Roasted Fennel, Chilli and Sweet Potato Salad

Serves 4
2 small fennel bulbs, quartered
1 sweet potato, peeled and cut into 1 inch pieces
4 whole large red chillies
1 head of garlic
zest from 1 lemon
olive oil for cooking
sea salt and freshly ground black pepper
1 bunch of arugula salad leaves
2 tablespoons pumpkin seeds
2 tablespoons balsamic vinegar
4 tablespoons olive oil

Preheat oven to 350 degrees. Place fennel, sweet potatoes, chillies, whole garlic cloves and lemon zest in a bowl. Drizzle with olive oil, salt and pepper and mix until coated. Spread on a tray and roast until vegetables are tender and have caramelised a little (about 20 minutes). When cool, mix with the rocket and pumpkin seeds, dress with balsamic vinegar and olive oil.

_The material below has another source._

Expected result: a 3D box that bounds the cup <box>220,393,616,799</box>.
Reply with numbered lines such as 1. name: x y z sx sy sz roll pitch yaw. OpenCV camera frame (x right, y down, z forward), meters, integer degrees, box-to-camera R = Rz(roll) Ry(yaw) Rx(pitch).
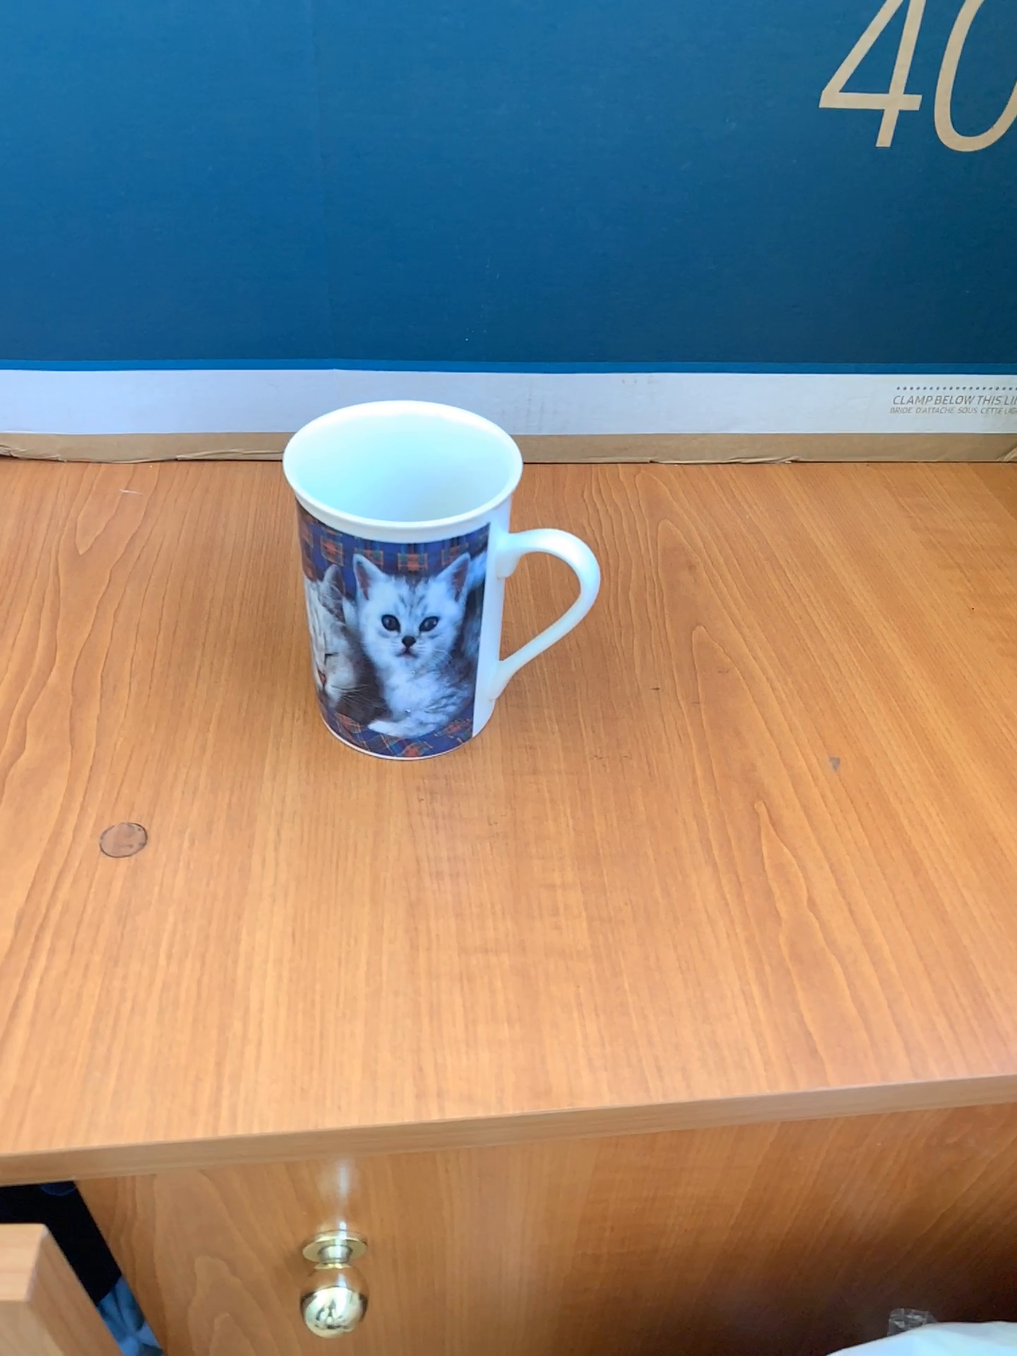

The Culinary Chase's Note: We're not big on pumpkin seeds so I omitted this. Cook the garlic in its skin and remove skin after finished cooking. I sliced a couple of the cooked garlic cloves and left some whole to toss into the salad. The cooked garlic will taste sweet and the flavors from this dish were amazing. A bit of heat from the chilli peppers was softened by the sweet potato and the unique, aromatic taste of fennel (hints of licorice and anise).